SOURCE :- THE AGE NEWS
Gdansk: Vitali Klitschko knocked his opponents to the canvas as a world heavyweight champion. Now the former boxer, who has been the mayor of Kyiv for more than a decade, is adamant that Ukraine will stop Russia after four years of full-scale invasion.
“There is no other way,” he says.
Klitschko, one of Ukraine’s most powerful political figures, says the country will bring the Russian onslaught to a halt despite the nightly bombardments on civilian targets.
As the wartime leader of the nation’s capital, he is responsible for the emergency response to each attack and the essential services that support about 3 million people.
And his approach to defending his city is not too different from his style in the ring, where he was known as Dr Ironfist when he dominated the heavyweight division in the early to mid-2000s with his brother and fellow champion, Wladimir.
But he admits the losses are devastating and says the need for international support is just as great as it was when Russian President Vladimir Putin thought he could seize control of Kyiv in a matter of days in February 2022.
“We’re losing our infrastructure, and most importantly, we’re losing our people, our children,” Klitschko tells this masthead.
“Hundreds of thousands of Ukrainian children have been stolen by Russia. So the numbers are horrifying, the cases are horrifying, and the stories, too.
“Since 2022, in the full-scale war in Ukraine, Russia is trying to dominate, trying to basically erase the history of the country and its people and rewrite the history.
“So it’s not going to happen. It is not happening. We’re resilient, we’re fighting back, and we’re not going to give up.”
His comments highlight the outrage in Ukraine at the removal of children from occupied parts of the country and their transportation to Russia, where they have been taught Putin’s view of history: that Ukraine is not a separate country and merely land belonging to Russia.
The United Nations has verified the deportation or transfer of at least 1200 children from five regions in Ukraine. Other estimates put the number at more than 20,000. The UN’s Independent International Commission of Inquiry on Ukraine said the Russian policy was a violation of international law.
Klitschko and his brother, having prospered from their boxing careers, are now defined by their defence of Ukraine, a story told in a documentary – Klitschko: More Than A Fight – released two years ago.
Klitschko leads a foundation that has worked with international donors such as billionaire Michael Bloomberg, the former mayor of New York. He has flown to world capitals to seek more civil and military support for Ukraine, and he has vowed to fight Russians if needed – even though on the fortune he made from boxing he could retire to a safe and comfortable hideaway.
This makes him a major political figure who can cause trouble for Ukrainian President Volodymyr Zelensky. When Kyiv comes under attack and its citizens feel they need more help, Klitschko will criticise the president and do what it takes to get more support.

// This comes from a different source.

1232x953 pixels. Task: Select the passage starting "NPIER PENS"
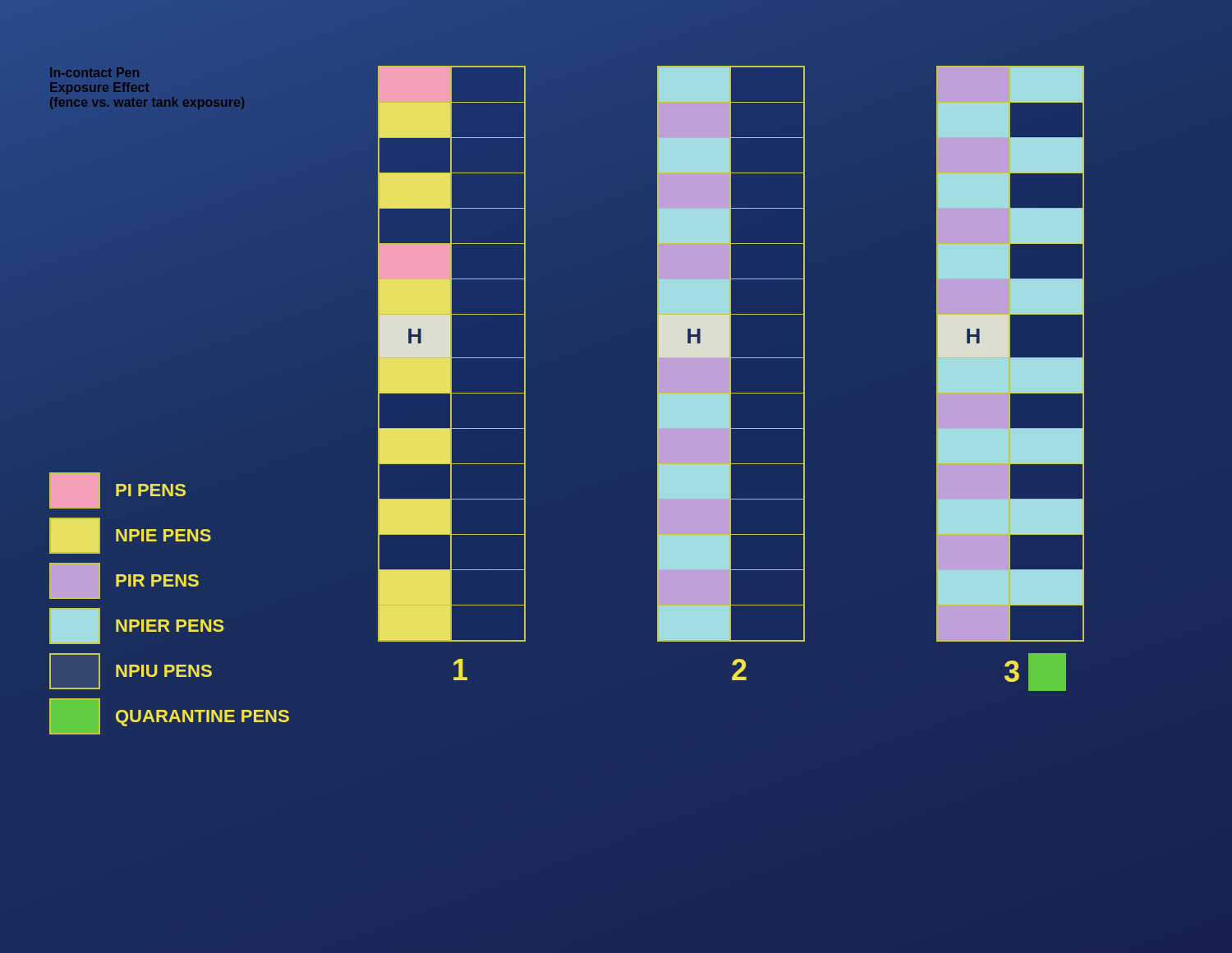(137, 626)
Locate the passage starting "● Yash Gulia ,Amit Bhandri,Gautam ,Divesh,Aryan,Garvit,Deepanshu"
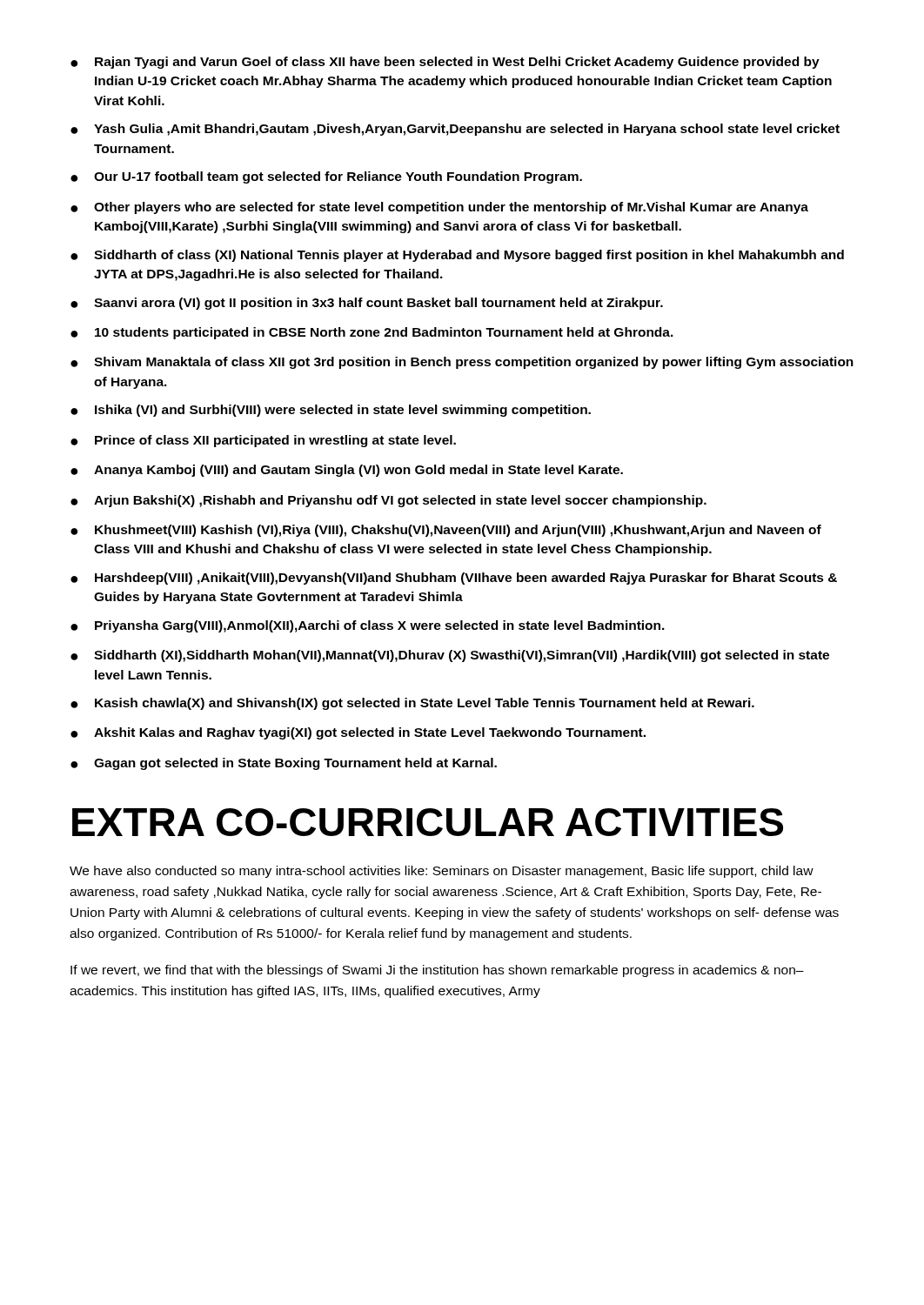 (x=462, y=139)
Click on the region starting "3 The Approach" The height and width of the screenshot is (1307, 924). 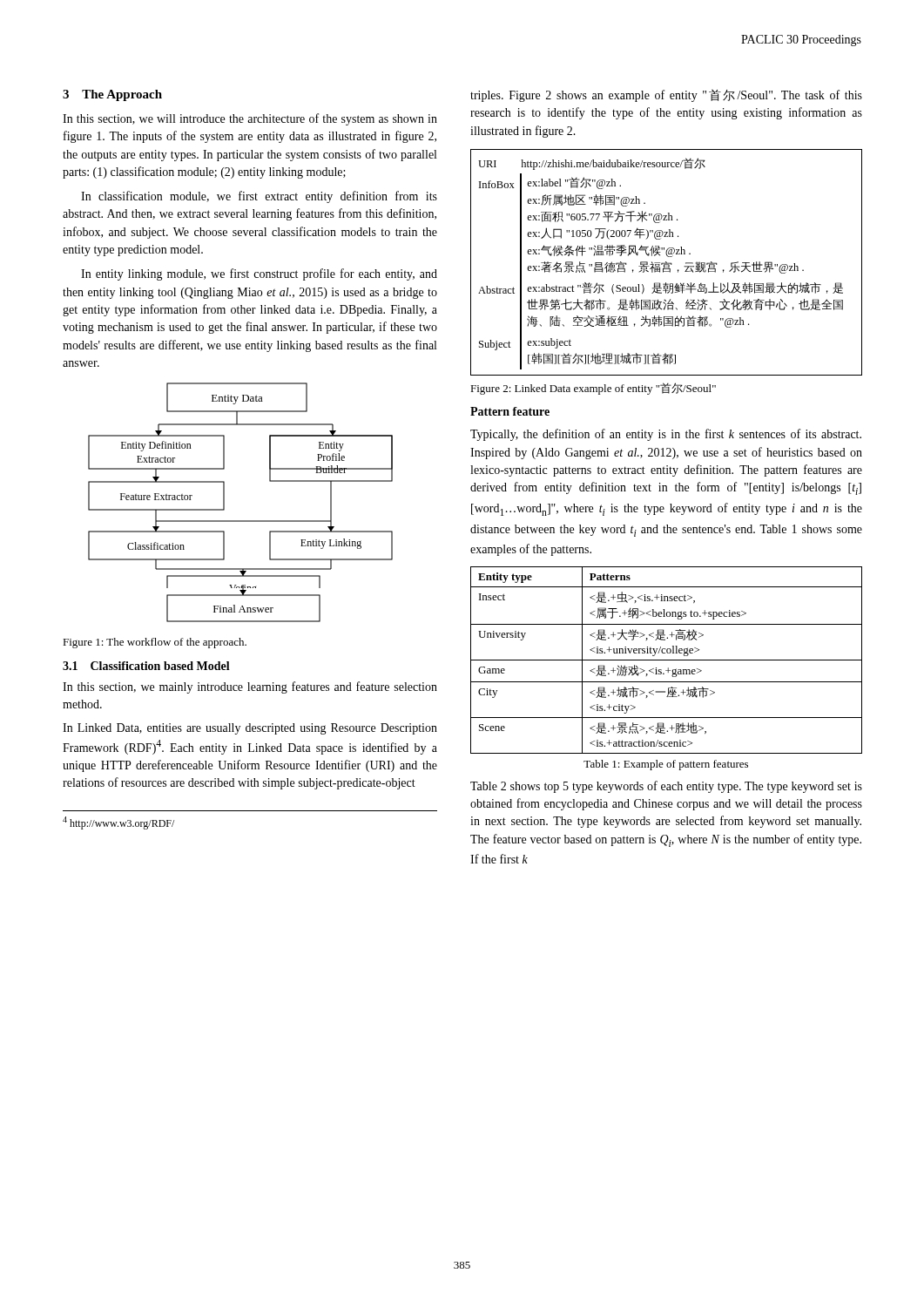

Some view him as a future president, given his national (and international) profile and his long time in politics. He became the mayor of Kyiv in 2014, one year after retiring from boxing, and seems to have an iron hold on the post. He was mentioned as a contender for the presidency in the lead-up to the national election in 2014, before deciding not to run.
In a rare interview with an Australian media outlet, in Poland on the sidelines of the Ukraine Recovery Conference in Gdansk, the Kyiv mayor thanks Australia for its support for Ukraine and says the war will have to continue until Putin is stopped.
“We will defend our right to live, we will defend our land, we will defend our right to live in the democratic, prosperous Ukraine,” he says. “And that’s going to happen. There is no other way.”
Is there anything Kyiv needs most urgently from outside Ukraine? The past four years have shown that no single kind of help is most important, he says, other than the effort to end the fighting.
“The only one thing that we need is to stop this war – that’s the only thing,” he says.
“I understand that we have to bully the bully, and in this case, Putin’s Russia is the bully, and we need support.
“We need military support, we need financial support, we need humanitarian support, we need to get our children back.”
He notes that Putin was not declared a war criminal for destroying city buildings and killing civilians, but for stealing Ukrainian children.
“So this war crime must be stopped. The war must be stopped. And Australians can do a lot. Thank you for your help and support you’ve been providing, but as I said, how much is enough?
“It’s never enough [when] these horrifying events, as I described just right now, are still happening.
“While we were here, while we talk about it, the war’s still going: daily bombardments, destruction. Obviously, the war takes the lives of our children, adults, our mothers, fathers, brothers of our civilians, and that must be stopped.”